We have seen that closing registrations is a must have for the GNOME Foundation to get back sovereignty on its domain. Since it can be unsettling for people not used to Matrix to register on a third-party to be able to join, we would like to open guest accounts in the longer run. As mentioned earlier, proper mechanisms to prevent outbound spam with guest accounts don’t exist yet.
Asking people nicely to find another provider
When closing registrations, we want to prevent new joiners from being able to impersonate Foundation members or to create room aliases for phishing. But we will also unfortunately need to ask non-Foundation members to get an account on a third-party provider. Important note: we are not yet asking non-Foundation members to find a Matrix provider for their personal account for now, but will eventually have to.

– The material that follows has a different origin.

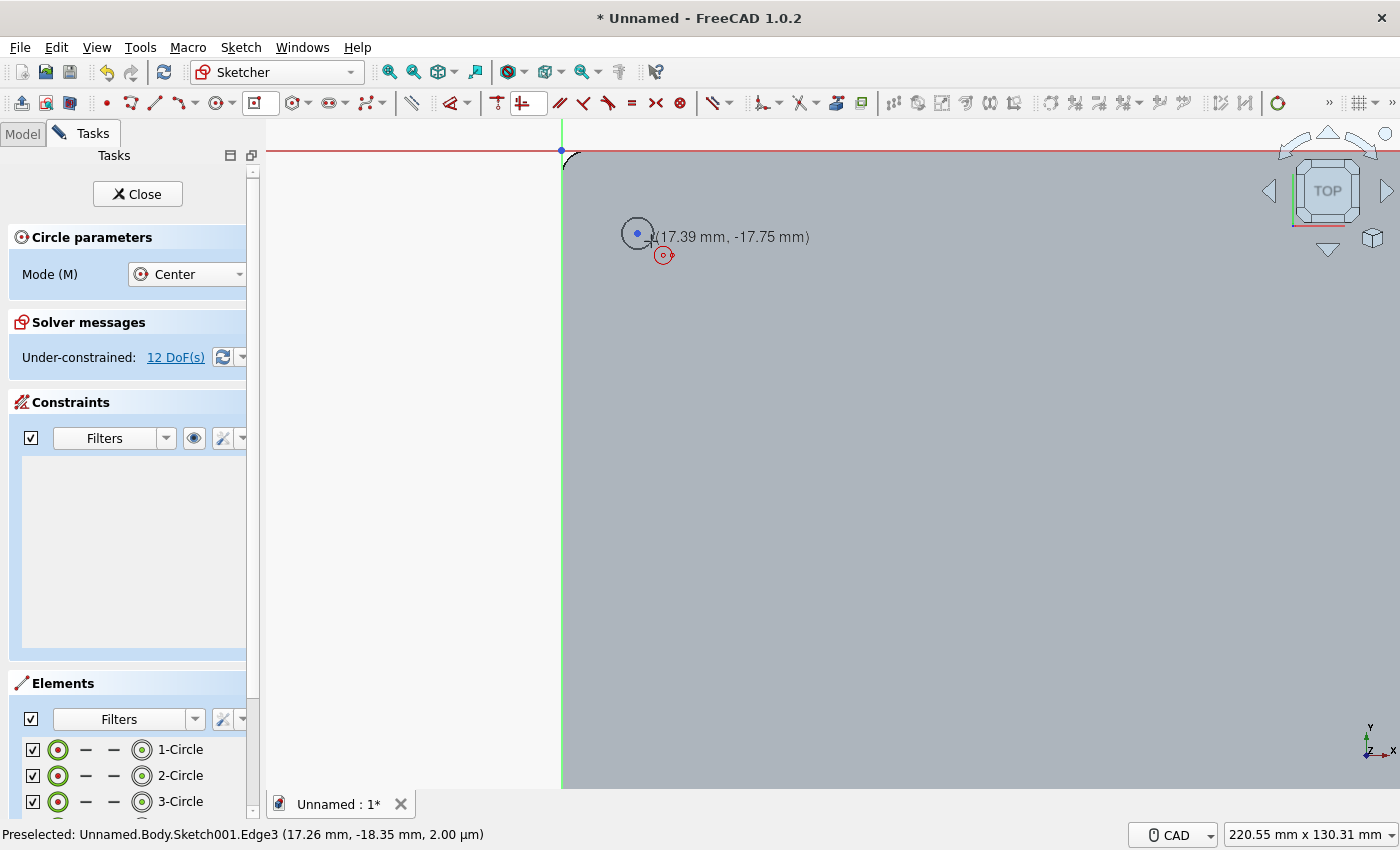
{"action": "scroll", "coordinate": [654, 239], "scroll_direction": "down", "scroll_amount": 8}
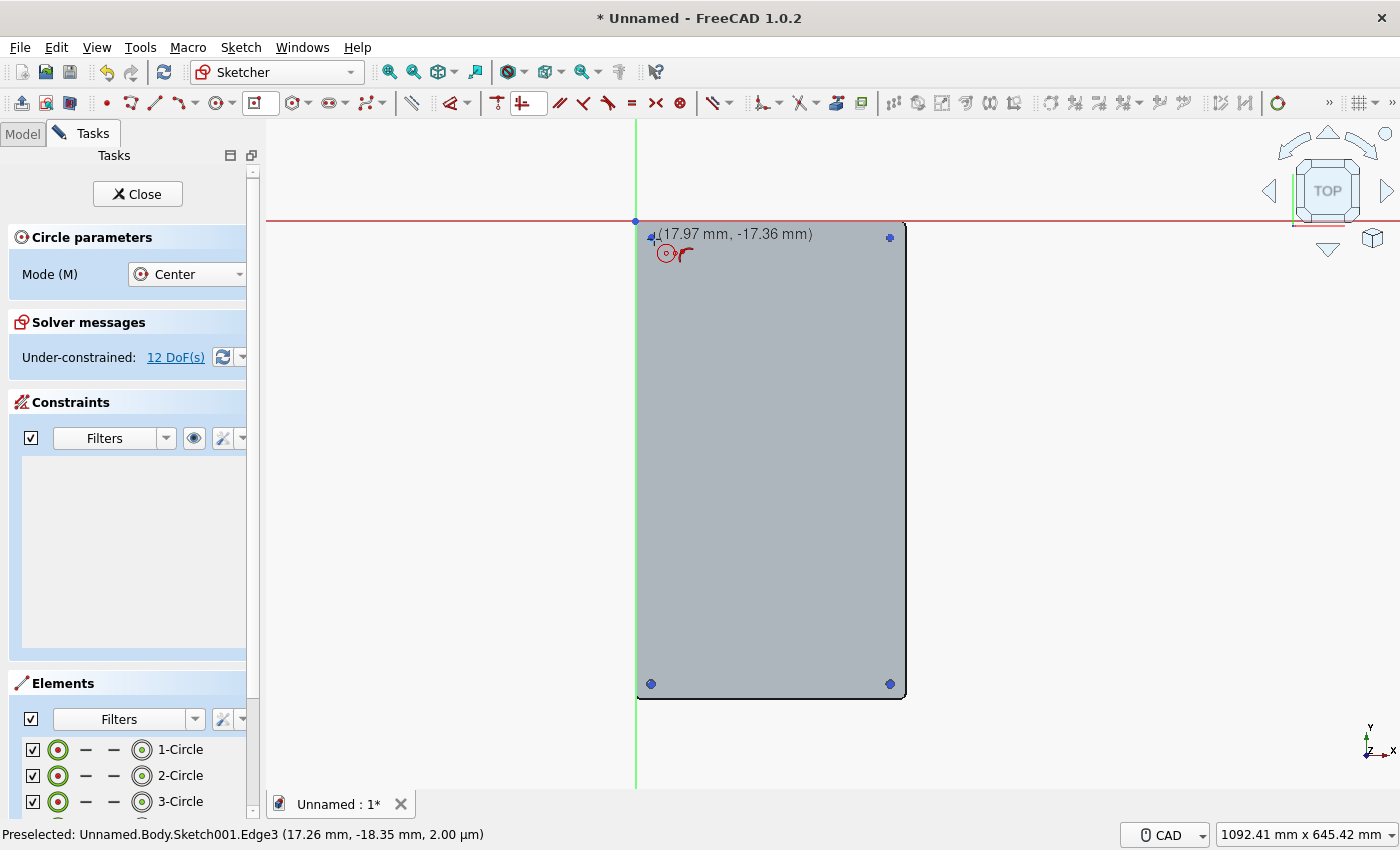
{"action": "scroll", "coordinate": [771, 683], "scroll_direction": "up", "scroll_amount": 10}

Of course, people can’t be asked to get a new account just like that. We need to explain our choices properly, and help them during the transition. We need for example to anticipate those questions and document the answers:
- Why are you closing registrations? Why were they open in the first place?
- What are good places to register an account?
- How to migrate the data from my unofficial GNOME account to my new personal account? Can I mess it up? Should I take extra care of something in particular in the process?
- Will I lose anything in the process?
Mapping existing accounts with our on-premises LDAP
The GNOME Foundation has a policy to self-host all the things, and Matrix is not an exception to that. The GNOME Foundation didn’t have an “official” chat platform, but we’re aiming at changing that. We are waiting for our Executive Director to examine the results of chat survey carried out in March and make a recommandation to the board who can approve it. At this point, Matrix seems to be the choice of platform that makes the most sense for our needs. If Matrix is finally made the recommended platform, we will be able to move it back on-premises, and map existing accounts with our on-premises identity systems. Note that since we already have existing accounts on our Matrix homeservers, mapping them to the LDAP probably will require fiddling with the database for it to be done properly.
Important update: the GNOME Foundation’s systems administrators decided to keep relying on EMS and not get our Matrix instance back on-premises because of the excellent service they have provided, in particular during the spam waves we faced. Our systems administrators are deploying a Keycloak instance so we can use our GNOME Foundation credentials to authenticate on the instance hosted by EMS by using OpenID Connect. More on that in a blog post soon!
Room for improvement
Some of the concerns raised in this article don’t have a solution yet. I consider the one about guest accounts to be a low hanging fruit: it would allow us to keep a nice experience for people who just want to pass by, and doesn’t seem too difficult to implement. But there are no proper solutions, not even from a functional perspective, to address the problem of granting a too high power level to other people on our rooms. We also don’t have an automated way to prevent losing the last administrator in a room.